Com o cenário exterior incerto, a Bolsa de Valores de São Paulo, a B3, fechou praticamente estável nesta sexta-feira, 24, com leve alta de 0,09%, aos 102.381,58 pontos. O dólar também ficou sem grandes supresas, com baixa marginal de 0,15%, a R$ 5,2060. O cenário internacional foi o principal fator de instabilidade hoje, com o aumento das tensões entre Estados Unidos e China.

Há pouco, a secretária de imprensa da Casa Branca, Kayleigh McEnany, repetiu declaração feita hoje cedo pelo porta-voz do Conselho de Segurança Nacional dos EUA, John Ullyot. “Pedimos ao Partido Comunista Chinês que cesse suas ações maliciosas ao invés de se envolver em uma retaliação ‘olho por olho’”, McEnany, em entrevista coletiva agora à tarde. O comentário se refere à decisão da China de ordenar o fechamento do consulado americano em Chengdu, no sudoeste do país asiático, após os EUA terem fechado uma representação diplomática de Pequim em Houston, no Texas.

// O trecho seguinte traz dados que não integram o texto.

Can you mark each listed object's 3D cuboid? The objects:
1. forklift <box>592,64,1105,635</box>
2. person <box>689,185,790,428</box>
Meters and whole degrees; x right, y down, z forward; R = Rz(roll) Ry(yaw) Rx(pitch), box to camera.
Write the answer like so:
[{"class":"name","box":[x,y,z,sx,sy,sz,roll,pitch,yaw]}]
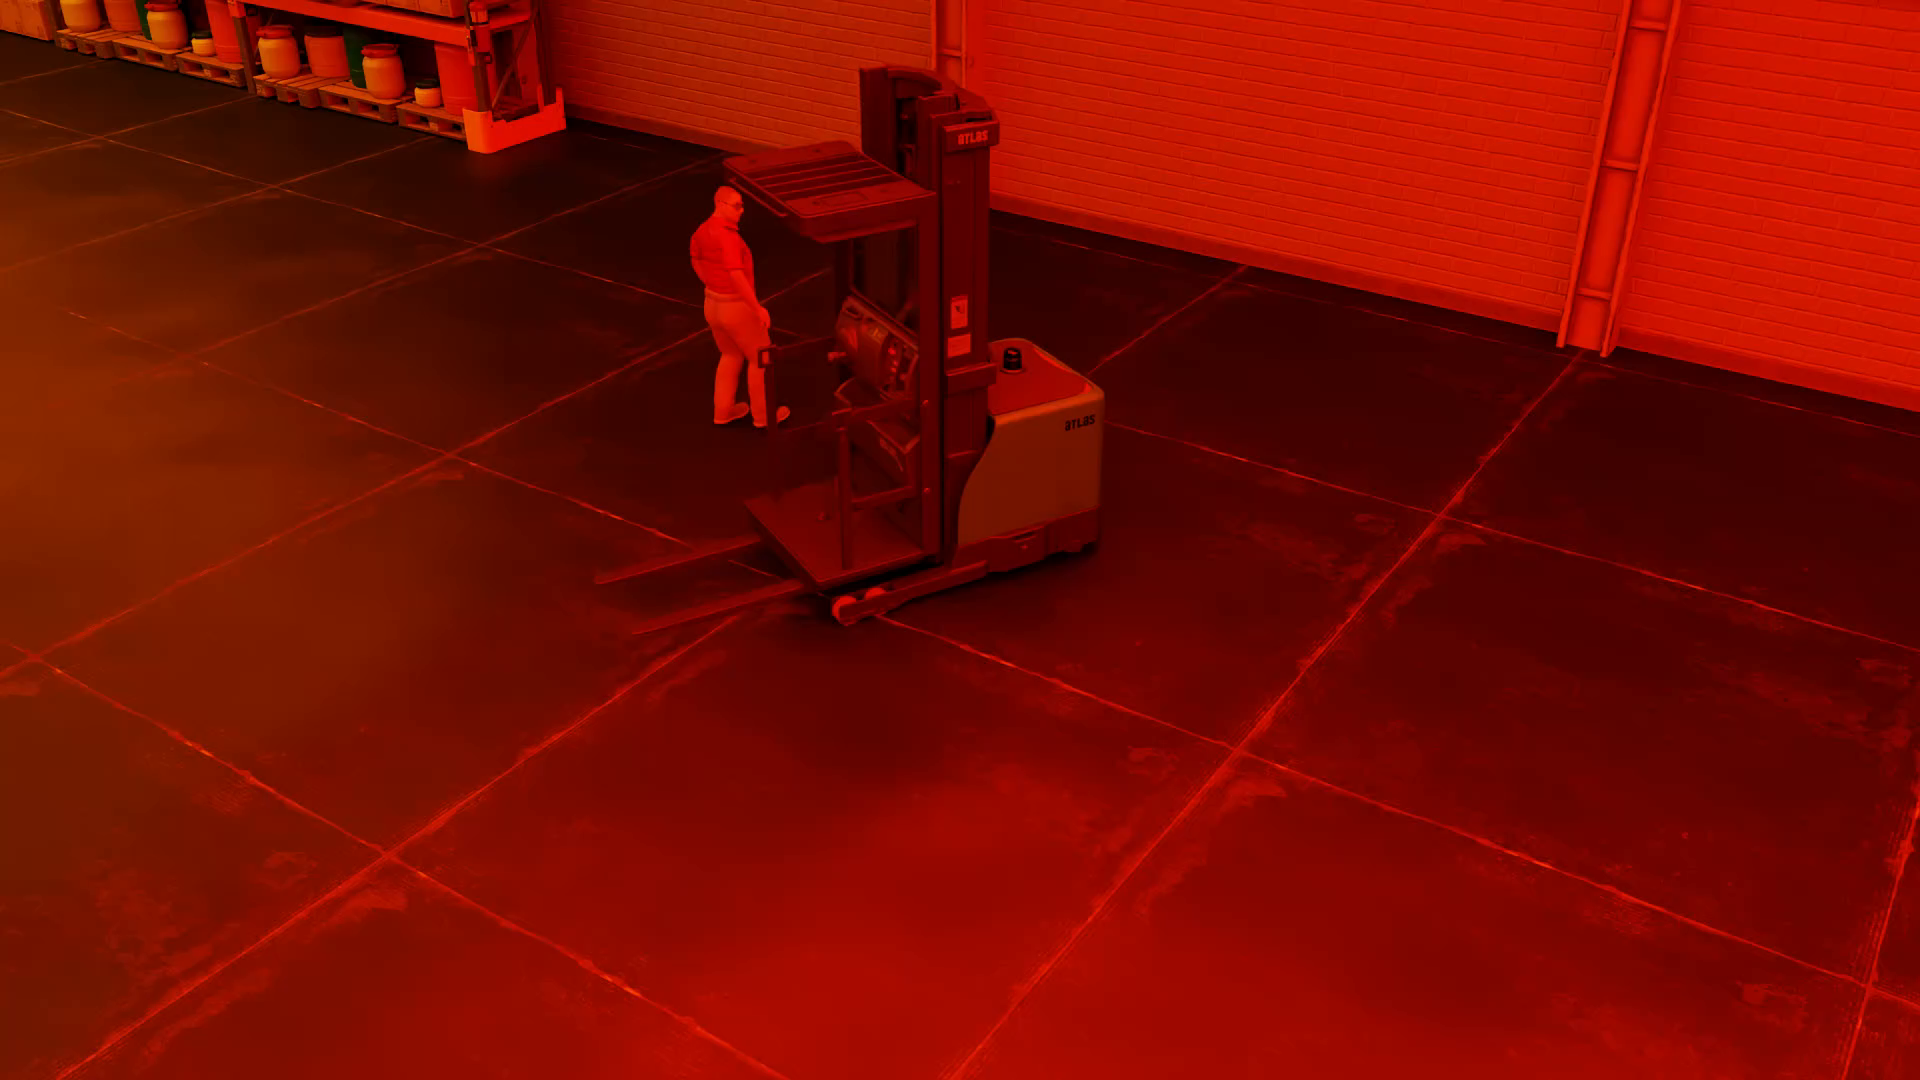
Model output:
[{"class":"forklift","box":[-0.656,-1.075,9.432,3.031,2.935,1.130,-16,34,-25]},{"class":"person","box":[-1.533,-1.630,11.602,0.504,1.713,0.747,-25,38,-36]}]

De acordo com o Termômetro Broadcast Bolsa desta semana, o mercado financeiro segue otimista sobre o comportamento do Ibovespa no curtíssimo prazo. Entre 16 participantes, para 50% a percepção é de que a semana que vem será de ganhos para o índice, enquanto as expectativas de estabilidade e de baixa são de 25% para cada uma. Na pesquisa anterior, 60% das respostas indicavam avanço das ações para a presente semana.

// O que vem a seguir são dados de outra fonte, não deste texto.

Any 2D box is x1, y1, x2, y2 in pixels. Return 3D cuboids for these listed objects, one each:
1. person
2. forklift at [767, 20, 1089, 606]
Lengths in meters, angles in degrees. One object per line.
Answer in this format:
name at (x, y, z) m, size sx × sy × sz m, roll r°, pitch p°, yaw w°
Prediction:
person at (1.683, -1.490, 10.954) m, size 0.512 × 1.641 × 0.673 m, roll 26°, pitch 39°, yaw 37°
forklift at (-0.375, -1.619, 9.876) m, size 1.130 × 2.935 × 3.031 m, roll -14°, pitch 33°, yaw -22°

Na mínima do dia, a moeda caía a R$ 5,16. No mercado futuro, o dólar para agosto recuava 0,76%, aos R$ 5,1755, em baixa de 0,72%. Mantida a tendência até o final do dia, o dólar encerrará a semana com desvalorização em torno de 4% nos mercados à vista e futuro.
Os juros futuros seguem em queda importante, ainda como reflexo do resultado aquém do esperado do IPCA-15. O contrato de DI para liquidação em janeiro de 2023 tinha taxa de 3,87%, ante 4,07% do ajuste de ontem.